Mainly, I’ve been editing The Algebra of Inequality, my latest collection of poems. It has been an agonizing process, choosing the best poems from the past five years, winnowing out the rest. And sometimes a poem gets the chop not because it lacks tunefulness or thematic unity, but for other, more nebulous reasons. Somehow it just doesn’t quite fit with the rest. It’s a judgement call and often I had second, third and fourth thoughts, so the whole thing became ridiculously drawn out and fraught, dragging on for weeks.

But now it’s done. The interior layout is just about ready and my regular cover guy, Chris Kent, is hard at work on another doozie. I’ll be leaking a sneak peek of said cover in the coming days; it’s based on one of my paintings and, knowing Chris, it’s bound to be eye-grabbing.

Yes, what’s up with the painting, why has it become so important to me? Because when I haven’t been editing, I’ve been regularly making that trip down to my little basement dungeon and attacking canvases with acrylics, a screwdriver, awl, various other implements. Getting physical. The results are odd, distinctive, and the works tend to elicit interesting reactions from the people who see them.

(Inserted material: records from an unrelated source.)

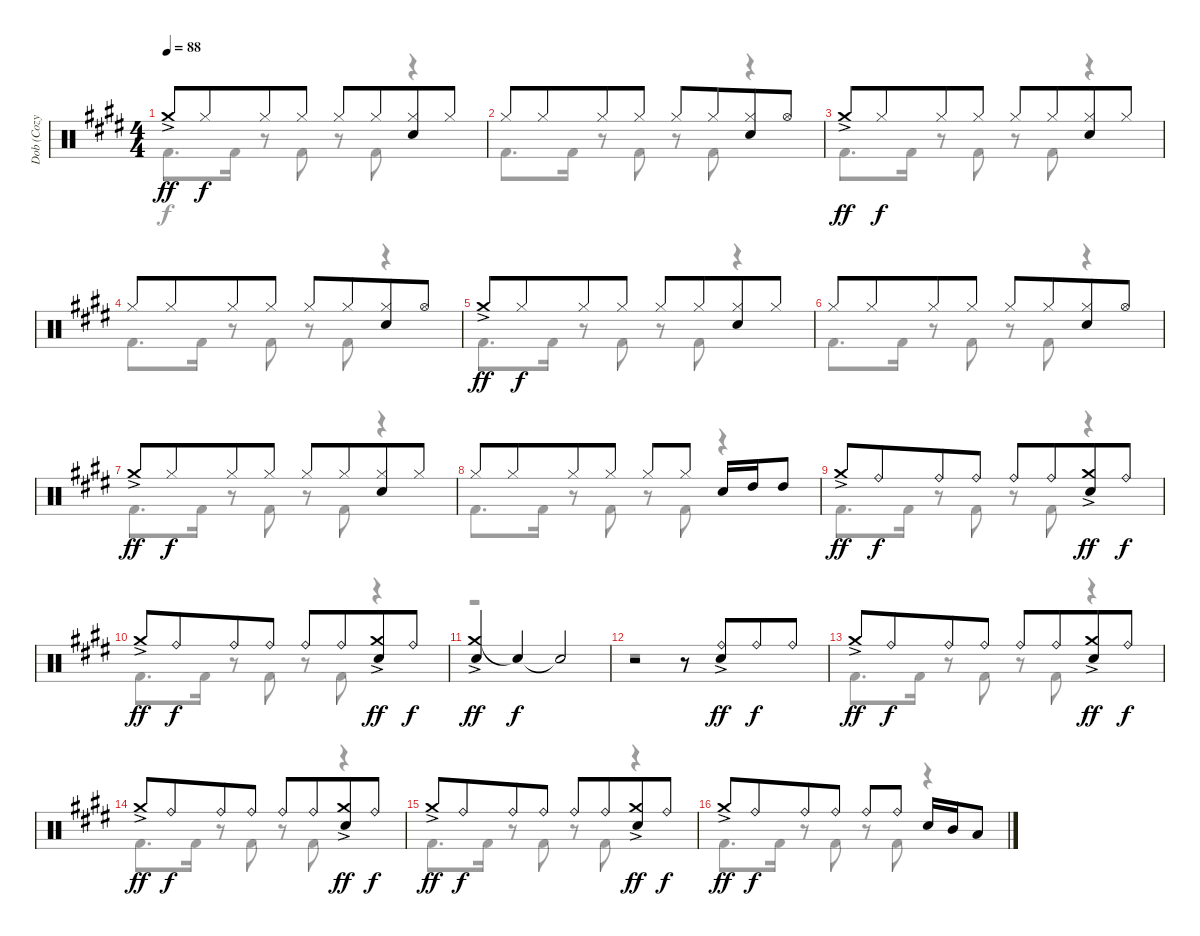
\track ("Dob (Cozy Powell)" "Dob (Cozy ") {instrument percussion}
\staff {score}
\articulation defaults
\voice
\ts (4 4)
\tempo 88
\clef neutral
\ks e "Crash medium (hit)"{ac}.8{dy ff} "Hi-Hat (closed)".8{dy f beam merge} "Hi-Hat (closed)".8 "Hi-Hat (closed)".8 "Hi-Hat (closed)".8 "Hi-Hat (closed)".8{beam merge}
("Hi-Hat (closed)" "Electric Snare (hit)").8 "Hi-Hat (closed)".8 |
"Hi-Hat (closed)".8 "Hi-Hat (closed)".8{beam merge} "Hi-Hat (closed)".8 "Hi-Hat (closed)".8 "Hi-Hat (closed)".8 "Hi-Hat (closed)".8{beam merge} ("Hi-Hat (closed)" "Electric Snare (hit)").8 "Hi-Hat (open)".8 |
"Crash medium (hit)"{ac}.8{dy ff} "Hi-Hat (closed)".8{dy f beam merge} "Hi-Hat (closed)".8 "Hi-Hat (closed)".8 "Hi-Hat (closed)".8 "Hi-Hat (closed)".8{beam merge} ("Hi-Hat (closed)" "Electric Snare (hit)").8 "Hi-Hat (closed)".8 |
"Hi-Hat (closed)".8 "Hi-Hat (closed)".8{beam merge} "Hi-Hat (closed)".8 "Hi-Hat (closed)".8 "Hi-Hat (closed)".8 "Hi-Hat (closed)".8{beam merge} ("Hi-Hat (closed)" "Electric Snare (hit)").8 "Hi-Hat (open)".8 |
"Crash medium (hit)"{ac}.8{dy ff} "Hi-Hat (closed)".8{dy f beam merge} "Hi-Hat (closed)".8 "Hi-Hat (closed)".8 "Hi-Hat (closed)".8 "Hi-Hat (closed)".8{beam merge} ("Hi-Hat (closed)" "Electric Snare (hit)").8 "Hi-Hat (closed)".8 |
"Hi-Hat (closed)".8 "Hi-Hat (closed)".8{beam merge} "Hi-Hat (closed)".8 "Hi-Hat (closed)".8 "Hi-Hat (closed)".8 "Hi-Hat (closed)".8{beam merge} ("Hi-Hat (closed)" "Electric Snare (hit)").8 "Hi-Hat (open)".8 |
"Crash medium (hit)"{ac}.8{dy ff} "Hi-Hat (closed)".8{dy f beam merge} "Hi-Hat (closed)".8 "Hi-Hat (closed)".8 "Hi-Hat (closed)".8 "Hi-Hat (closed)".8{beam merge} ("Hi-Hat (closed)" "Electric Snare (hit)").8 "Hi-Hat (closed)".8 |
"Hi-Hat (closed)".8 "Hi-Hat (closed)".8{beam merge} "Hi-Hat (closed)".8 "Hi-Hat (closed)".8 "Hi-Hat (closed)".8 "Hi-Hat (closed)".8 "Electric Snare (hit)".16 "High Tom (hit)".16 "High Tom (hit)".8 |
"Crash medium (hit)"{ac}.8{dy ff} "Ride (bell)".8{dy f beam merge} "Ride (bell)".8 "Ride (bell)".8 "Ride (bell)".8 "Ride (bell)".8{beam merge} ("Crash medium (hit)"{ac} "Electric Snare (hit)").8{dy ff} "Ride (bell)".8{dy f} |
"Crash medium (hit)"{ac}.8{dy ff} "Ride (bell)".8{dy f beam merge} "Ride (bell)".8 "Ride (bell)".8 "Ride (bell)".8 "Ride (bell)".8{beam merge} ("Crash medium (hit)"{ac} "Electric Snare (hit)").8{dy ff} "Ride (bell)".8{dy f} |
("Crash medium (hit)"{ac} "Electric Snare (hit)").4{dy ff} "Snare (hit)"{t}.4{dy f} "Snare (hit)"{t}.2 |
r.2 r.8{beam merge} ("Ride (bell)"{ac} "Electric Snare (hit)").8{dy ff beam merge} "Ride (bell)".8{dy f beam merge} "Ride (bell)".8 |
"Crash medium (hit)"{ac}.8{dy ff} "Ride (bell)".8{dy f beam merge} "Ride (bell)".8 "Ride (bell)".8 "Ride (bell)".8 "Ride (bell)".8{beam merge} ("Crash medium (hit)"{ac} "Electric Snare (hit)").8{dy ff} "Ride (bell)".8{dy f} |
"Crash medium (hit)"{ac}.8{dy ff} "Ride (bell)".8{dy f beam merge} "Ride (bell)".8 "Ride (bell)".8 "Ride (bell)".8 "Ride (bell)".8{beam merge} ("Crash medium (hit)"{ac} "Electric Snare (hit)").8{dy ff} "Ride (bell)".8{dy f} |
"Crash medium (hit)"{ac}.8{dy ff} "Ride (bell)".8{dy f beam merge} "Ride (bell)".8 "Ride (bell)".8 "Ride (bell)".8 "Ride (bell)".8{beam merge} ("Crash medium (hit)"{ac} "Electric Snare (hit)").8{dy ff} "Ride (bell)".8{dy f} |
"Crash medium (hit)"{ac}.8{dy ff} "Ride (bell)".8{dy f beam merge} "Ride (bell)".8 "Ride (bell)".8 "Ride (bell)".8 "Ride (bell)".8 "Electric Snare (hit)".16 "Mid Tom (hit)".16 "Low Tom (hit)".8
\voice
\clef neutral
\ottava regular
\simile none
\ks e "Kick (hit) 2".8{d dy f} "Kick (hit) 2".16
r.8 "Kick (hit) 2".8 r.8 "Kick (hit) 2".8 r.4 |
"Kick (hit) 2".8{d} "Kick (hit) 2".16 r.8 "Kick (hit) 2".8 r.8 "Kick (hit) 2".8 r.4 |
"Kick (hit) 2".8{d} "Kick (hit) 2".16 r.8 "Kick (hit) 2".8 r.8 "Kick (hit) 2".8 r.4 |
"Kick (hit) 2".8{d} "Kick (hit) 2".16 r.8 "Kick (hit) 2".8 r.8 "Kick (hit) 2".8 r.4 |
"Kick (hit) 2".8{d} "Kick (hit) 2".16 r.8 "Kick (hit) 2".8 r.8 "Kick (hit) 2".8 r.4 |
"Kick (hit) 2".8{d} "Kick (hit) 2".16 r.8 "Kick (hit) 2".8 r.8 "Kick (hit) 2".8 r.4 |
"Kick (hit) 2".8{d} "Kick (hit) 2".16 r.8 "Kick (hit) 2".8 r.8 "Kick (hit) 2".8 r.4 |
"Kick (hit) 2".8{d} "Kick (hit) 2".16 r.8 "Kick (hit) 2".8 r.8 "Kick (hit) 2".8 r.4 |
"Kick (hit) 2".8{d} "Kick (hit) 2".16 r.8 "Kick (hit) 2".8 r.8 "Kick (hit) 2".8 r.4 |
"Kick (hit) 2".8{d} "Kick (hit) 2".16 r.8 "Kick (hit) 2".8 r.8 "Kick (hit) 2".8 r.4 |
r.1 |
r.1 |
"Kick (hit) 2".8{d} "Kick (hit) 2".16 r.8 "Kick (hit) 2".8 r.8 "Kick (hit) 2".8 r.4 |
"Kick (hit) 2".8{d} "Kick (hit) 2".16 r.8 "Kick (hit) 2".8 r.8 "Kick (hit) 2".8 r.4 |
"Kick (hit) 2".8{d} "Kick (hit) 2".16 r.8 "Kick (hit) 2".8 r.8 "Kick (hit) 2".8 r.4 |
"Kick (hit) 2".8{d} "Kick (hit) 2".16 r.8 "Kick (hit) 2".8 r.8 "Kick (hit) 2".8 r.4

But it’s a thrill leaving text behind for awhile and working purely symbolically, utilizing a totally different area of my brain.

Recently, I’ve also completed a large, complex collage piece that may end up as the cover for my short story collection later this year.

One of the poems I lopped from The Algebra of Inequality was one I concocted a number of years ago, titled A Personal Cosmology. It has a strong, visual component. I used some square styrofoam and black paint to create a series of stark, geometric images. Then I employed “automatic writing” and started scribbling, one short prose bit for each of the six images. I think I posted one of these images and accompanying text a few years ago but, for the first time, this is the complete version of Cosmology.

I love this piece, it comes right from the soul, but it just wasn’t right for the collection.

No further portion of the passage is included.